Даже Артур Небе, профессиональный немецкий полицейский и директор Международного бюро Интерпола военных лет, кончил свои дни на виселице, когда он окончательно отвернулся от своих друзей-нацистов и присоединился к неудавшемуся заговору против Гитлера в июле 1944 года.

В той же бельгийской полиции служил Роберт ван Хов, впоследствии вице-президент Интерпола. В ноябре 1943 года в двадцать лет он начал карьеру детектива в Брюсселе. Он вспоминает: «Для полицейского это были тяжелые времена. Наши руководители говорили нам, что при расследовании убийства германского офицера или коллаборациониста не стоит особенно стараться выяснять личность преступника, потому что тогда его ждет неминуемая смерть. Вот почему некоторые из наших начальников были затем арестованы немцами и оказались в тюрьме. Я лично знал двоих из них».

Он припомнил случай, когда его группа, обыскивая дом, вместо поддельных талонов на продукты обнаружила «много оружия и печатный станок для газеты Сопротивления». «Я спросил комиссара: «Что мне делать с этим?», А тот ответил: «Ты этого не видел». Мы все оставили и ушли. Через месяц в этом же доме обыск производили немцы и нашли то же самое, что и мы. Хозяин дома, это чучело, сказал им: «Сделайте то же, что и другие месяц назад: считайте, что вы ничего не видели!» На следующий день моего начальника арестовали. Нет, это было, говорю я вам, очень тяжелое время для полицейского!»

Нет прощения предательству или сотрудничеству с врагом.
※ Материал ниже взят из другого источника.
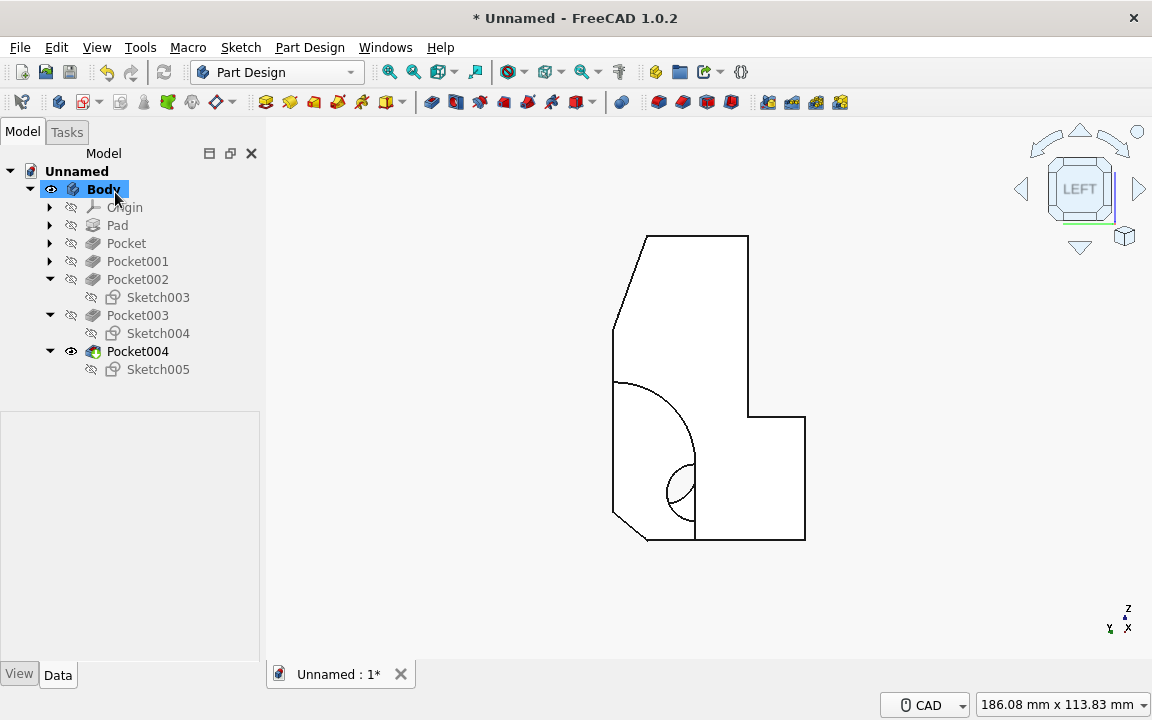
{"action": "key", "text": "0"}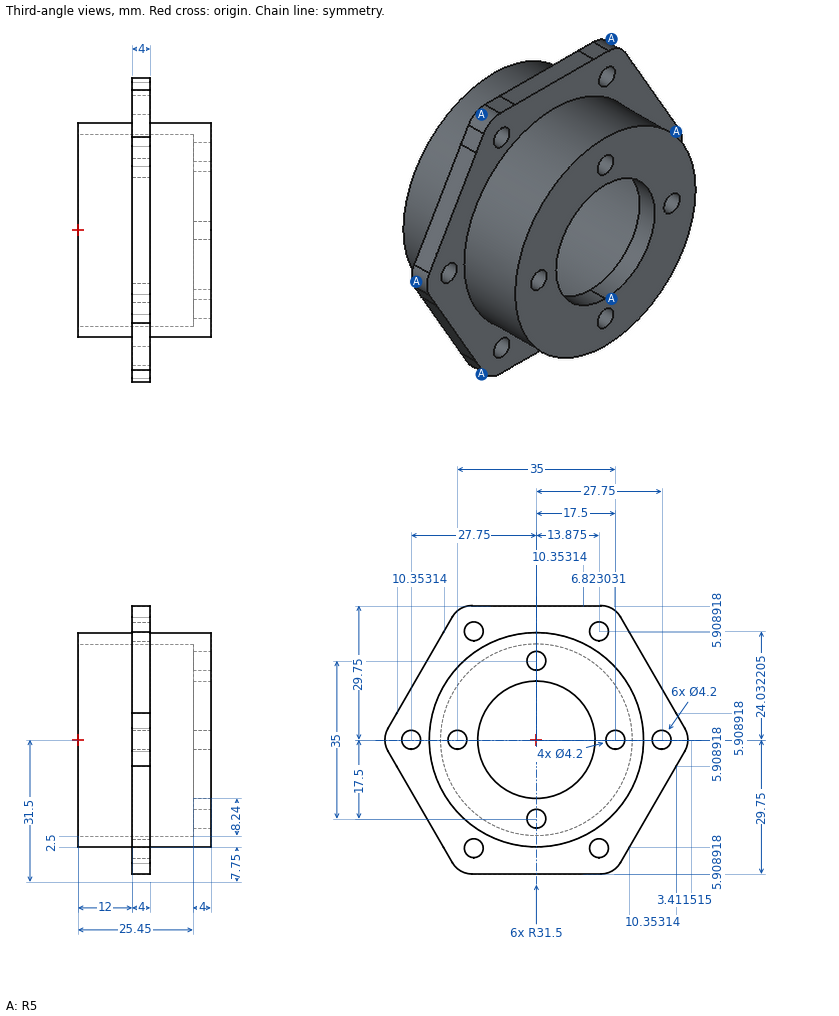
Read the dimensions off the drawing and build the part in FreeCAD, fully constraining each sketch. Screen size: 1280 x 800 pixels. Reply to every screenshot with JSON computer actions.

И все эти луважи, несмотря на их несомненное профессиональное мастерство, не заслуживают ни малейшего уважения.

Но зачем копаться во всем этом спустя пятьдесят лет после событий? Не оскорбляем ли мы незаслуженно уважаемую организацию?

Отвечу определенно: «Нет» — и по следующим двум причинам. Во-первых, то, что совершалось под прикрытием Интерпола полвека назад, никак не может быть поставлено в вину сегодняшней организации. Мы живем в другое время, в других условиях, в другом мире.

Во-вторых, есть опасность в том, что полицейские, выражаясь беспристрастными словами сэра Рональда Хоува, «принадлежат к самому лучшему профессиональному союзу в мире». Это сказывается на методах их работы. Страусиная позиция организации по отношению к позорному прошлому военных лет — а такова она и сейчас — имеет отношение к нынешним дням: полицейский не имеет права закрывать глаза на факты предательства в своих собственных рядах. Никакая профессия, никакое призвание не дают исключительного права на истину.

Закрывать глаза на события прошлого — значит не видеть будущего. И мы не вправе забывать, что десять лет назад, с 1980 по 1984 год, президентом Интерпола был Жолли Бугарэн, шеф полиции Фердинанда Маркоса, чье правление стало временем беззакония на Филиппинах. Имельда Маркос (гардероб ее насчитывал три тысячи пар туфель) даже способствовала своей речью на Генеральной ассамблее в Маниле в ноябре 1980 года избранию Бугарэна. Делегаты предпочли его видному альтернативному кандидату Стюарту Найту, директору Секретной службы США.

Более ста лет назад премьер-министр королевы Виктории Уильям Эварт Гладстоун произнес: «Цена свободы — вечная бдительность». История Флорана Луважа, искажение — и сегодня — правды о его прошлом показывают, что слова Глад-стоуна не утратили своей актуальности.